Warrin came after her. He was frighteningly fast and he still had breath to spare for curses as he ran to catch her. She heard his footsteps right behind, and then he was level with her. She twisted away, but he twisted too, caught her arm and spun her off her feet, a knife flashing in his other hand.
Heulwen saw the blade descending and screamed out all the breath that remained in her body before the world darkened beyond darkness.
‘Steady now,’ Adam said softly to the horse, and eased him forward again. Sweyn and Austin joined him, and they rode at a jog trot towards a group of moored merchant cogs. Austin rose in his stirrups and pointed. ‘God’s bones, look, one of them’s on fire!’
Adam followed Austin’s finger towards the deck of a merchant cog that was well ablaze. They could hear the roar of the flames fanned by the wind and the cries of men who were frantically trying to bail them out with buckets. Reflected fire danced on the water. ‘It’s the
Alisande
!’ Adam said with a sureness born of the gut, not the mind.
As they watched, momentarily frozen with shock, a figure half rolled, half dragged itself out of the river on to the wharf, thrashed blindly to its feet and started towards them at a stumbling run: a woman, for the streaming hair was as long as the tunic she wore. Adam stared, and the disbelief gave way to a heart-stopping jolt as he recognised his wife, and saw behind her Warrin de Mortimer in hard pursuit, drawing a knife from his belt.
‘Hah!’ Adam cried to Vaillantif, and once again risked spurring him. The stallion’s hooves struck blue-white sparks from the cobbles. Adam drove him straight at his enemy. Warrin was as preoccupied with Heulwen as a spider with a trapped fly as knelt over her, the knife at her throat.
Adam did not hesitate. He drove the burning brand, lance-fashion, straight into Warrin’s shocked, upturned face. Warrin screamed and reared up and back, the knife clattering to the ground. His shrieks rent the air and he fell to his knees, arms over his face, then rolled over, writhing in mindless agony. Adam dismounted and dropped the torch into a puddle, where it sputtered out. With the same deliberate purpose that had carried him through thus far, he followed Warrin’s contortions, drew his sword, and applied the
coup de grâce
. After he had watched him die, Adam jerked the blade free, wiped it meticulously clean on Warrin’s blood-sodden shirt, and without looking back, sheathed the weapon and turned to Heulwen.
Round-eyed, Austin gaped.
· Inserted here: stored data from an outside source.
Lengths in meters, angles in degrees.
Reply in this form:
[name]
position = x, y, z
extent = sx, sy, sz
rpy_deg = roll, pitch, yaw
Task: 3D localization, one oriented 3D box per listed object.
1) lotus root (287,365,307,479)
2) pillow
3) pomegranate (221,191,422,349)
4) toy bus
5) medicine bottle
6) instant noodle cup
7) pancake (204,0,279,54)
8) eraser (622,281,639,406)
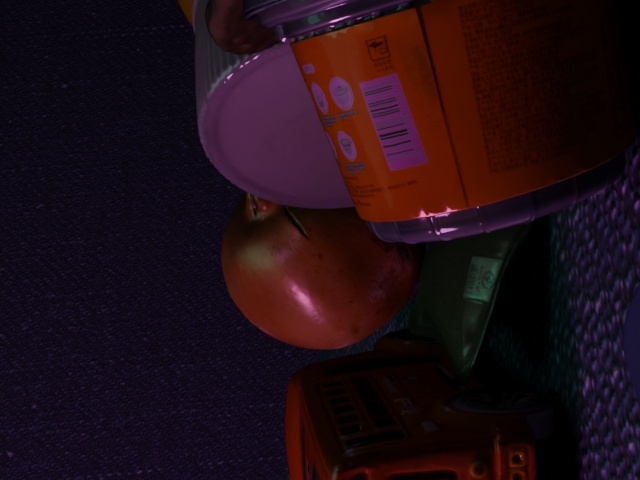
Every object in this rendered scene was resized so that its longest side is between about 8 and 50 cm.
[lotus root]
position = 0.040, 0.234, 1.094
extent = 0.278, 0.154, 0.154
rpy_deg = -100, 8, -53
[pillow]
position = 0.098, 0.017, 0.734
extent = 0.217, 0.033, 0.130
rpy_deg = -136, 67, -84
[pomegranate]
position = 0.002, 0.005, 1.081
extent = 0.209, 0.209, 0.209
rpy_deg = 178, 90, -86
[toy bus]
position = 0.056, 0.152, 0.735
extent = 0.329, 0.153, 0.143
rpy_deg = -126, 33, -83
[medicine bottle]
position = -0.004, -0.230, 0.831
extent = 0.224, 0.224, 0.384
rpy_deg = 94, 173, -56
[instant noodle cup]
position = 0.067, -0.073, 0.491
extent = 0.208, 0.177, 0.126
rpy_deg = -39, -67, -65
[pancake]
position = 0.030, -0.186, 0.566
extent = 0.042, 0.236, 0.222
rpy_deg = 46, -162, -2
[eraser]
position = 0.137, 0.082, 0.302
extent = 0.225, 0.036, 0.082
rpy_deg = -92, 9, -48
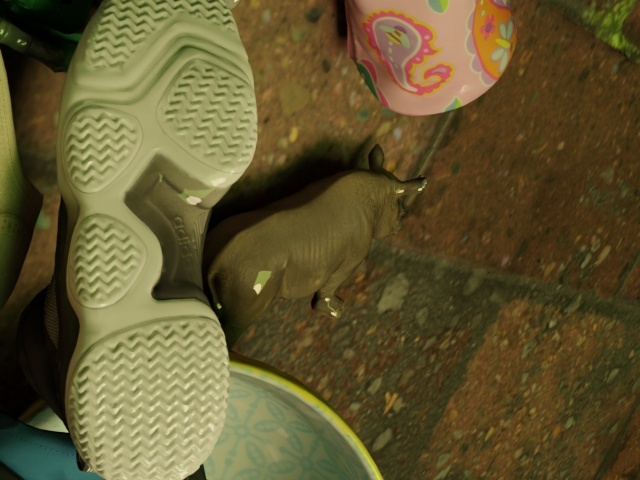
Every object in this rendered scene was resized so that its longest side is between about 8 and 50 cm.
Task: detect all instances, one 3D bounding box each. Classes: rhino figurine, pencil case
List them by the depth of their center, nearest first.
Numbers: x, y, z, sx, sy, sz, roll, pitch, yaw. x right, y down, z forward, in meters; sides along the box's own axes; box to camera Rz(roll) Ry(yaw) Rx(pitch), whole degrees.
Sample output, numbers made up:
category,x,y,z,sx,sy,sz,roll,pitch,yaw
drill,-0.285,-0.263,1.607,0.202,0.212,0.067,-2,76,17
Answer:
category,x,y,z,sx,sy,sz,roll,pitch,yaw
pencil case,0.051,-0.210,0.881,0.124,0.124,0.284,-45,144,-18
rhino figurine,0.000,0.000,1.027,0.243,0.073,0.106,-29,141,-38

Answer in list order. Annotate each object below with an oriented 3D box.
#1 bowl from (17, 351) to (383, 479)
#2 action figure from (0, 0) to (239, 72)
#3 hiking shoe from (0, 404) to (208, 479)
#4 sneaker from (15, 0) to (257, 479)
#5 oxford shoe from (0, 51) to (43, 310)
category,x,y,z,sx,sy,sz,roll,pitch,yaw
bowl,-0.093,0.195,0.963,0.289,0.289,0.156,-64,-172,10
action figure,-0.144,-0.139,0.740,0.232,0.063,0.137,7,115,-50
hiking shoe,-0.210,0.162,0.820,0.304,0.132,0.113,-6,162,-11
sneaker,-0.108,-0.003,0.753,0.101,0.153,0.269,7,78,-23
oxford shoe,-0.230,-0.083,0.625,0.146,0.140,0.397,-60,160,-27
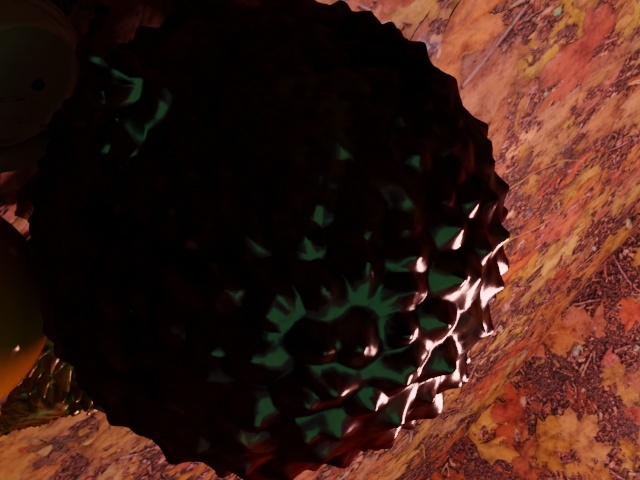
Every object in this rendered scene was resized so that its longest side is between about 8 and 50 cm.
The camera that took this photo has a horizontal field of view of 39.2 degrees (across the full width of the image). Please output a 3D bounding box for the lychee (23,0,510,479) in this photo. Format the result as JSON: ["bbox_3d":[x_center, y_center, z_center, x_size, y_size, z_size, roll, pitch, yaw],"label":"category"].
[{"bbox_3d":[-0.053,-0.015,0.777,0.424,0.424,0.500,-43,137,-3],"label":"lychee"}]

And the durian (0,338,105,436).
[{"bbox_3d":[-0.244,0.109,1.073,0.305,0.185,0.195,-19,126,-46],"label":"durian"}]

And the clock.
[{"bbox_3d":[-0.274,-0.145,0.763,0.151,0.062,0.191,-15,140,-44],"label":"clock"}]

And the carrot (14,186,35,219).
[{"bbox_3d":[-0.223,-0.072,0.947,0.210,0.061,0.061,-29,149,-20],"label":"carrot"}]

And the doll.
[{"bbox_3d":[-0.343,0.073,0.839,0.213,0.213,0.236,-44,166,-1],"label":"doll"}]

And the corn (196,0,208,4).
[{"bbox_3d":[-0.087,-0.247,0.869,0.068,0.068,0.207,-28,148,-30],"label":"corn"}]
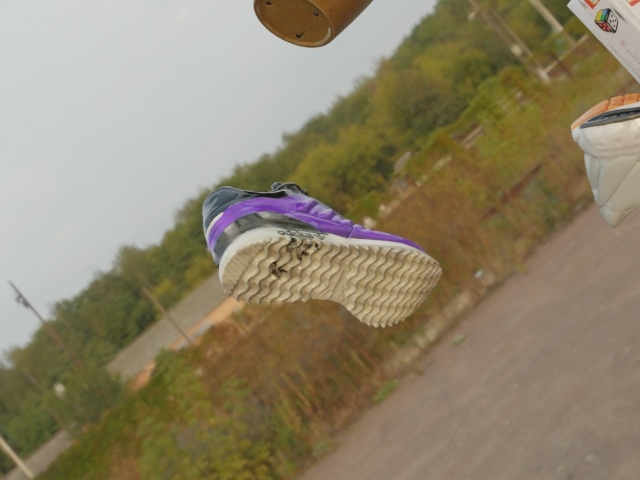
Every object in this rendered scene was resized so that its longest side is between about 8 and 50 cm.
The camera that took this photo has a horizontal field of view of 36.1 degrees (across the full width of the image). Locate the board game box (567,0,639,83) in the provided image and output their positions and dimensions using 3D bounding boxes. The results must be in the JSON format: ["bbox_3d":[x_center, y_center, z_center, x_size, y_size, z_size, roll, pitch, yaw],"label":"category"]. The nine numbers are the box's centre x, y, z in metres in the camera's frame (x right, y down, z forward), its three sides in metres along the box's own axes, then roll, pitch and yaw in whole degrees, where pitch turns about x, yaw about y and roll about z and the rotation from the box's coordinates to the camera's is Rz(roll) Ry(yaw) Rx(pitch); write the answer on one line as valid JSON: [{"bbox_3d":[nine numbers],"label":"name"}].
[{"bbox_3d":[0.419,-0.242,1.023,0.305,0.193,0.053,-33,-12,-32],"label":"board game box"}]

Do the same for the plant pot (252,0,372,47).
[{"bbox_3d":[0.011,-0.400,1.351,0.254,0.237,0.237,-69,10,-22],"label":"plant pot"}]

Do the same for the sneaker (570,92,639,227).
[{"bbox_3d":[0.357,-0.074,0.846,0.262,0.121,0.099,-6,21,26],"label":"sneaker"}]

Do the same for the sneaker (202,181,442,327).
[{"bbox_3d":[0.000,-0.001,1.039,0.293,0.146,0.102,14,-61,-40],"label":"sneaker"}]
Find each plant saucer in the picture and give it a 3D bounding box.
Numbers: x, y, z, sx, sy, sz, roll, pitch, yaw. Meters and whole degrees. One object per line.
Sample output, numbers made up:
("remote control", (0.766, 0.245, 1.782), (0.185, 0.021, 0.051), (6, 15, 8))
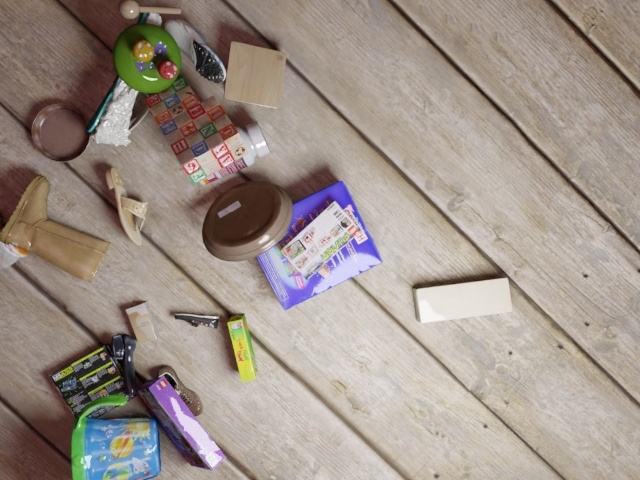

Sweyn, of a more practical mind, dismounted. ‘Come on, lad,’ he jerked his head at the ground, ‘help me throw this fish back whence it came. We can’t leave him in the middle of the street.’
Adam knelt beside his wife. ‘Heulwen?’ he said tentatively and examined her quickly for signs of injury. His mouth tightened as he saw the blue and red fingerprint bruises lacing her throat. Lower down on her thigh there were marks too. He swallowed bile and lifted her up against him, and knew that he would never be able to see Warrin’s death as a confessable sin.
‘Sweyn, get me a blanket,’ he commanded over his shoulder.
Heulwen’s throat moved. Her eyelids shuddered and half opened. She felt a strong arm supporting her head and another gently around her shoulder blades, but then Warrin had been gentle and violent by turns, and she remembered that he had been about to kill her. She stiffened and struggled.